From the trailer, I had high hopes this film would deliver a smashing spectacle with great humor and a unique premise. Alas, this turned out to be one of those cases where the trailer is better than the movie itself.
To be fair, the film has its moments. The comedy never made me laugh outright, but there are amusing lines and situations throughout. Some of the most amusing moments emerge from the interplay between the characters, and the clever gag in which everybody sees them as different people. As far as the action goes, there is quite a bit of mass destruction and plenty of shoot-outs and fights. However, it is very manic, over-the-top, and strangely cartoony. The overall tone felt really uneven; the movie was fairly serious at times, deadpan in others, and overblown the rest of the time. I was never bored, but I was never fully engaged or invested in things.
It is a shame, because the film has some unique ideas here and there. The overall premise of an undead police department is pretty neat, they use a lot of cool weapons, and they have some really quirky rules and ideas. It's a weird world where Indian food causes the villainous "dead-o's" to "pop" into gaudy monsters (if you remember the beginning of Van Helsing, with Mr. Hyde...pretty much all the monsters look like that, perhaps cross-bred with the zombies from I Am Legend). Everybody perceives the two main characters as a hot blonde chick and an old Chinese dude. Sounds fun, right? For whatever reason, it all comes off as a superfluous effort to build comedy from being weird; it worked so well for the Men In Black films, but it all falls rather flat in RIPD.
The story overall is pretty fast and compact. It does a fine enough job of introducing the characters, slapping them together, and crafting some dynamic chemistry between them. However, the plot is pretty standard fare, and it never takes the time to truly invest the audience in the world it portrays. It shows just enough to make the plot work, but it never explains much, never builds on the things it briefly touches on, and never really makes us care.
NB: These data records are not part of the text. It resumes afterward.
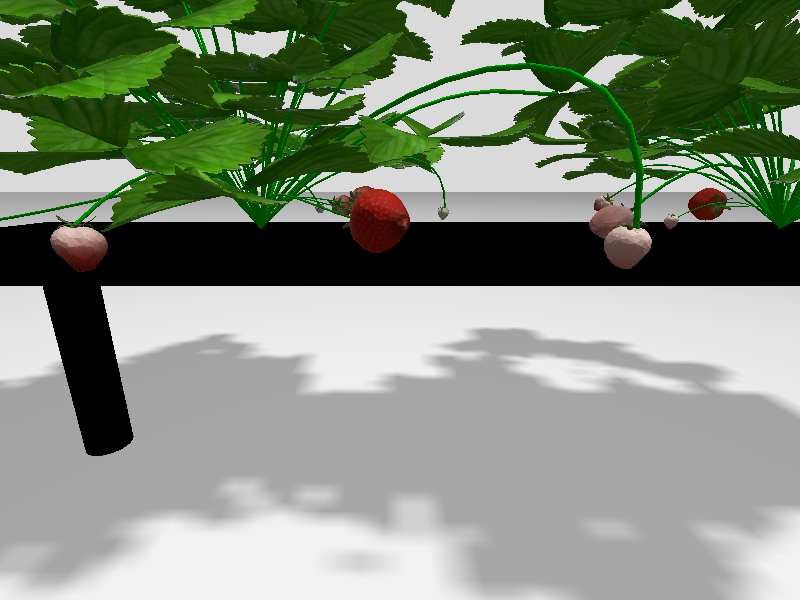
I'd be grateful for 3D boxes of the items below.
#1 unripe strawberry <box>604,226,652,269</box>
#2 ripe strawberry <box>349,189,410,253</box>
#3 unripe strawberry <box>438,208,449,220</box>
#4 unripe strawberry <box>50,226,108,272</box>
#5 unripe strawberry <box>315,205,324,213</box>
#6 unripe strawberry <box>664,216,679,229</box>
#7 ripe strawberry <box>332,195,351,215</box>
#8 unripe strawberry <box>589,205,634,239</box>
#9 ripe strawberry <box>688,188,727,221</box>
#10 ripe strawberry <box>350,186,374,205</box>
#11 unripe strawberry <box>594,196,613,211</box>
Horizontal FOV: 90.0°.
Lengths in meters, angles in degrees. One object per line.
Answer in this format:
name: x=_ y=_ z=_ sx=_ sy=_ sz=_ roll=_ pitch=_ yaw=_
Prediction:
unripe strawberry: x=0.107 y=-0.024 z=0.189 sx=0.019 sy=0.020 sz=0.018 roll=11 pitch=20 yaw=34
ripe strawberry: x=-0.010 y=-0.045 z=0.231 sx=0.035 sy=0.037 sz=0.037 roll=-15 pitch=23 yaw=-41
unripe strawberry: x=0.044 y=-0.087 z=0.403 sx=0.011 sy=0.012 sz=0.011 roll=-6 pitch=18 yaw=-20
unripe strawberry: x=-0.147 y=-0.023 z=0.184 sx=0.021 sy=0.021 sz=0.018 roll=3 pitch=13 yaw=9
unripe strawberry: x=-0.101 y=-0.115 z=0.507 sx=0.011 sy=0.010 sz=0.011 roll=2 pitch=-30 yaw=6
unripe strawberry: x=0.242 y=-0.069 z=0.357 sx=0.011 sy=0.011 sz=0.011 roll=2 pitch=17 yaw=7
ripe strawberry: x=-0.065 y=-0.110 z=0.463 sx=0.027 sy=0.023 sz=0.027 roll=7 pitch=17 yaw=23
unripe strawberry: x=0.137 y=-0.050 z=0.262 sx=0.024 sy=0.023 sz=0.026 roll=-18 pitch=22 yaw=-19
ripe strawberry: x=0.324 y=-0.102 z=0.426 sx=0.032 sy=0.034 sz=0.035 roll=-1 pitch=16 yaw=-4
ripe strawberry: x=-0.034 y=-0.108 z=0.440 sx=0.037 sy=0.033 sz=0.034 roll=13 pitch=21 yaw=38
unripe strawberry: x=0.261 y=-0.123 z=0.516 sx=0.023 sy=0.020 sz=0.021 roll=-6 pitch=-18 yaw=-20
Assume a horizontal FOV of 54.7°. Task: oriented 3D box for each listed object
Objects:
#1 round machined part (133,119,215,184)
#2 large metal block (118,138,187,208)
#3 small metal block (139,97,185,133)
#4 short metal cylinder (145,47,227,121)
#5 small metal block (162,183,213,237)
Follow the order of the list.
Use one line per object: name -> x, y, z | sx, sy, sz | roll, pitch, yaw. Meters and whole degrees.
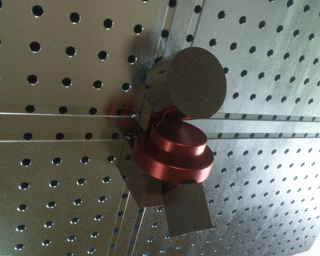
round machined part -> 0.019, 0.022, 0.376 | 0.099, 0.098, 0.042 | 1, 118, -29
large metal block -> -0.001, 0.055, 0.410 | 0.081, 0.080, 0.050 | 1, 118, -29
small metal block -> 0.005, -0.022, 0.401 | 0.050, 0.025, 0.050 | 1, 118, -29
short metal cylinder -> 0.030, -0.049, 0.361 | 0.081, 0.050, 0.080 | 1, 88, -29
small metal block -> 0.029, 0.094, 0.353 | 0.025, 0.050, 0.050 | 1, 156, -30
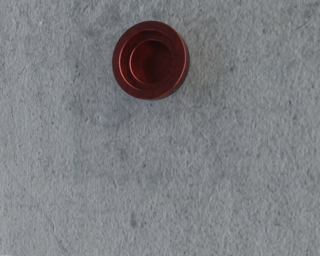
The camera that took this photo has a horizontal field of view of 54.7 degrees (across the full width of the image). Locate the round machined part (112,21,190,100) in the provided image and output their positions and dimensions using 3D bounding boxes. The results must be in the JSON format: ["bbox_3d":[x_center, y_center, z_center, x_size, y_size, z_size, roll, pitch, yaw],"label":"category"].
[{"bbox_3d":[-0.008,-0.084,0.402,0.098,0.042,0.097,0,90,19],"label":"round machined part"}]
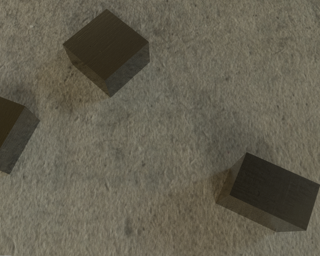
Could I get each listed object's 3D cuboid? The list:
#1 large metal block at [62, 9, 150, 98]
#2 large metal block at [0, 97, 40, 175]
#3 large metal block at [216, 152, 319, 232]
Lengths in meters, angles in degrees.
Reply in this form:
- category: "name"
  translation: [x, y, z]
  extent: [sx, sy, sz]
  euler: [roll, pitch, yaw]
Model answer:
- category: "large metal block"
  translation: [-0.072, -0.104, 0.432]
  extent: [0.080, 0.050, 0.080]
  euler: [41, 75, 13]
- category: "large metal block"
  translation: [-0.216, 0.003, 0.391]
  extent: [0.080, 0.050, 0.080]
  euler: [20, 71, 7]
- category: "large metal block"
  translation: [0.117, 0.076, 0.353]
  extent: [0.080, 0.080, 0.050]
  euler: [24, 72, 8]
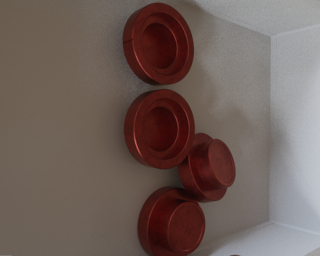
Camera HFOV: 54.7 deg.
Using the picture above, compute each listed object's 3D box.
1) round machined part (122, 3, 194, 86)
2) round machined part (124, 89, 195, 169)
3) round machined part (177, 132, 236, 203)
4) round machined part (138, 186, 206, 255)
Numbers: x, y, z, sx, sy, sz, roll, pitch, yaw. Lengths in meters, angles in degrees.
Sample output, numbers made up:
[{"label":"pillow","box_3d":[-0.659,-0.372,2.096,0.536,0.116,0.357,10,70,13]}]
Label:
[{"label":"round machined part","box_3d":[-0.006,-0.102,0.390,0.099,0.042,0.097,0,90,-40]},{"label":"round machined part","box_3d":[-0.005,0.001,0.391,0.099,0.042,0.097,0,90,-40]},{"label":"round machined part","box_3d":[0.071,0.053,0.434,0.098,0.042,0.098,27,53,-42]},{"label":"round machined part","box_3d":[0.023,0.129,0.412,0.099,0.042,0.097,3,86,-40]}]
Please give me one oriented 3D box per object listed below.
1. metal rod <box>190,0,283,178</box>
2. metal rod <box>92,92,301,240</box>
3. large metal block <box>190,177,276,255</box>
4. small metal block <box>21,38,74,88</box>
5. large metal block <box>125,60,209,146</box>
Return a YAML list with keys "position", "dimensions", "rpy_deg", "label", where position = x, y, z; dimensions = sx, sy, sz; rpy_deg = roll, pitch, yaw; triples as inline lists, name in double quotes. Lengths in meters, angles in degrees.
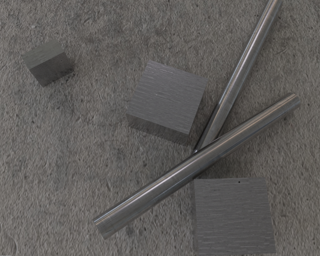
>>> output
- position: [0.109, -0.068, 0.433]
  dimensions: [0.025, 0.025, 0.300]
  rpy_deg: [26, 72, 9]
  label: "metal rod"
- position: [0.059, 0.033, 0.370]
  dimensions: [0.302, 0.025, 0.025]
  rpy_deg: [-30, 73, -21]
  label: "metal rod"
- position: [0.080, 0.102, 0.358]
  dimensions: [0.081, 0.050, 0.080]
  rpy_deg: [-2, 70, -1]
  label: "large metal block"
- position: [-0.153, -0.088, 0.426]
  dimensions: [0.050, 0.050, 0.025]
  rpy_deg: [-31, 73, -11]
  label: "small metal block"
- position: [0.010, -0.032, 0.407]
  dimensions: [0.080, 0.050, 0.080]
  rpy_deg: [19, 71, 7]
  label: "large metal block"
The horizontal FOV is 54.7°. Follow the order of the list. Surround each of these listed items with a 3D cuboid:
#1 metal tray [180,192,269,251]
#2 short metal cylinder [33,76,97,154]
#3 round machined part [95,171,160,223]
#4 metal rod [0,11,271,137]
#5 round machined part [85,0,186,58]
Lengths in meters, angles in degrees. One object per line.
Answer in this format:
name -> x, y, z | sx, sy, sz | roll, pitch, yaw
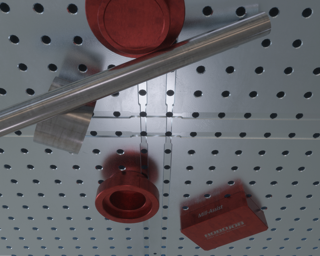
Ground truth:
metal tray -> 0.113, 0.170, 0.555 | 0.130, 0.030, 0.090 | -29, 125, 22
short metal cylinder -> -0.109, -0.014, 0.362 | 0.050, 0.080, 0.079 | 19, 128, -15
round machined part -> -0.050, 0.106, 0.490 | 0.099, 0.042, 0.097 | 0, 130, 0
metal rod -> -0.031, -0.054, 0.311 | 0.302, 0.025, 0.025 | -22, 129, -4
round machined part -> -0.024, -0.112, 0.305 | 0.099, 0.042, 0.097 | 0, 130, 0
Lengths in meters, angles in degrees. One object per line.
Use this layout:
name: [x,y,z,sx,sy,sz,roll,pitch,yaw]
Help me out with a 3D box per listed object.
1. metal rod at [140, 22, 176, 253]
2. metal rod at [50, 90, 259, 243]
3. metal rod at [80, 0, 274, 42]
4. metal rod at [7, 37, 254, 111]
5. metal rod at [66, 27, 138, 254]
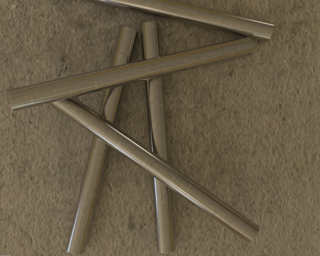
metal rod: [-0.003,0.012,0.409,0.025,0.025,0.298,-4,90,-1]
metal rod: [-0.008,0.045,0.383,0.301,0.025,0.025,35,90,-1]
metal rod: [-0.001,-0.159,0.409,0.302,0.025,0.025,12,90,-1]
metal rod: [-0.024,-0.070,0.379,0.302,0.025,0.025,-15,90,-13]
metal rod: [-0.076,0.016,0.408,0.025,0.025,0.298,14,90,-1]
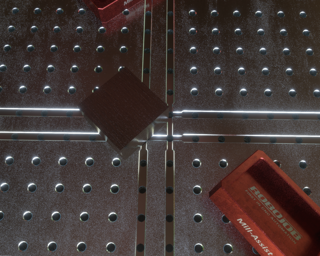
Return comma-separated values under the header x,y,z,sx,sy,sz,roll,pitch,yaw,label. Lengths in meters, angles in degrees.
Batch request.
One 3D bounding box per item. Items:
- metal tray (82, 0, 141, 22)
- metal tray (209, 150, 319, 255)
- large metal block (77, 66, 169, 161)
x,y,z,sx,sy,sz,roll,pitch,yaw,label
-0.065,-0.238,0.495,0.131,0.030,0.090,-37,74,-13,metal tray
0.131,0.097,0.353,0.091,0.030,0.130,-29,70,-38,metal tray
-0.045,-0.018,0.405,0.080,0.050,0.080,-42,76,-14,large metal block
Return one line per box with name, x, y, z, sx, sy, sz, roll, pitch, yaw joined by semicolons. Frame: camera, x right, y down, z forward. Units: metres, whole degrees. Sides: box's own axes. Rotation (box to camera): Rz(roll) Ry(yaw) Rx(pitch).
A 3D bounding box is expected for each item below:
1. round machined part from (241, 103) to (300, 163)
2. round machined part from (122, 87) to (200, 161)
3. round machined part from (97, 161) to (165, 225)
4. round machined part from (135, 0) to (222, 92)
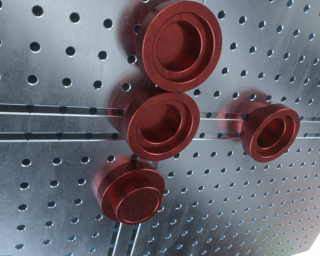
round machined part;0.172;0.004;0.500;0.099;0.042;0.097;-14;125;-21
round machined part;-0.002;-0.010;0.395;0.099;0.042;0.097;-14;125;-21
round machined part;-0.036;0.099;0.444;0.099;0.042;0.097;-14;124;-21
round machined part;0.018;-0.093;0.350;0.099;0.042;0.097;-12;119;-23
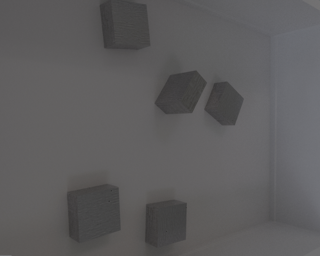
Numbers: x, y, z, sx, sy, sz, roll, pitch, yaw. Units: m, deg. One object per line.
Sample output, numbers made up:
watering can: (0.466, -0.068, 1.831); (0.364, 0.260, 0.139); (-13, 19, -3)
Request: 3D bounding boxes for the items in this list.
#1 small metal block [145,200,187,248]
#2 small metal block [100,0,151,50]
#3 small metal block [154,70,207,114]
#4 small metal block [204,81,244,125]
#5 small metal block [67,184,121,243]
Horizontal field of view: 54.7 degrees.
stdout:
small metal block: (0.009, 0.126, 0.414); (0.050, 0.025, 0.050); (2, 89, -40)
small metal block: (-0.041, -0.122, 0.372); (0.050, 0.025, 0.050); (-10, 96, -40)
small metal block: (0.027, -0.046, 0.413); (0.025, 0.050, 0.050); (42, 65, -32)
small metal block: (0.103, -0.038, 0.492); (0.050, 0.025, 0.050); (36, 68, -34)
small metal block: (-0.073, 0.093, 0.345); (0.050, 0.025, 0.050); (-5, 93, -40)
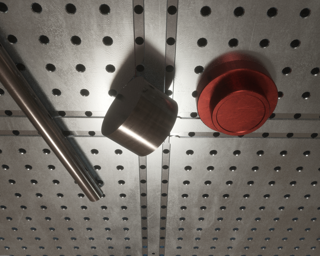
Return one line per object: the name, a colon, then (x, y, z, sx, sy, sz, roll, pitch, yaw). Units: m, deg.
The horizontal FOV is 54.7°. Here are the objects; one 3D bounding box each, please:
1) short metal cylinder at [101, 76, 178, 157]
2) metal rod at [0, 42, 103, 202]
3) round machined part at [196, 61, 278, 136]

The film uses a lot of stylish camera moves, fast-zooms, and slow-motion effects, which you could either see as being really cool or really dumb. Editing is okay in general. Acting is a mixed bag: Ryan Reynolds is strangely flat and emotionless throughout, save for the few love scenes, while Jeff Bridges steals the show repeatedly, in a role that almost seems to parody his role from True Grit. Kevin Bacon is pretty much himself, and I loved watching Mary-Louise Parker. Writing is not that great. This production uses okay sets, props, and costumes. Special effects look cool, but are on the cheap side. Music is hip and fun.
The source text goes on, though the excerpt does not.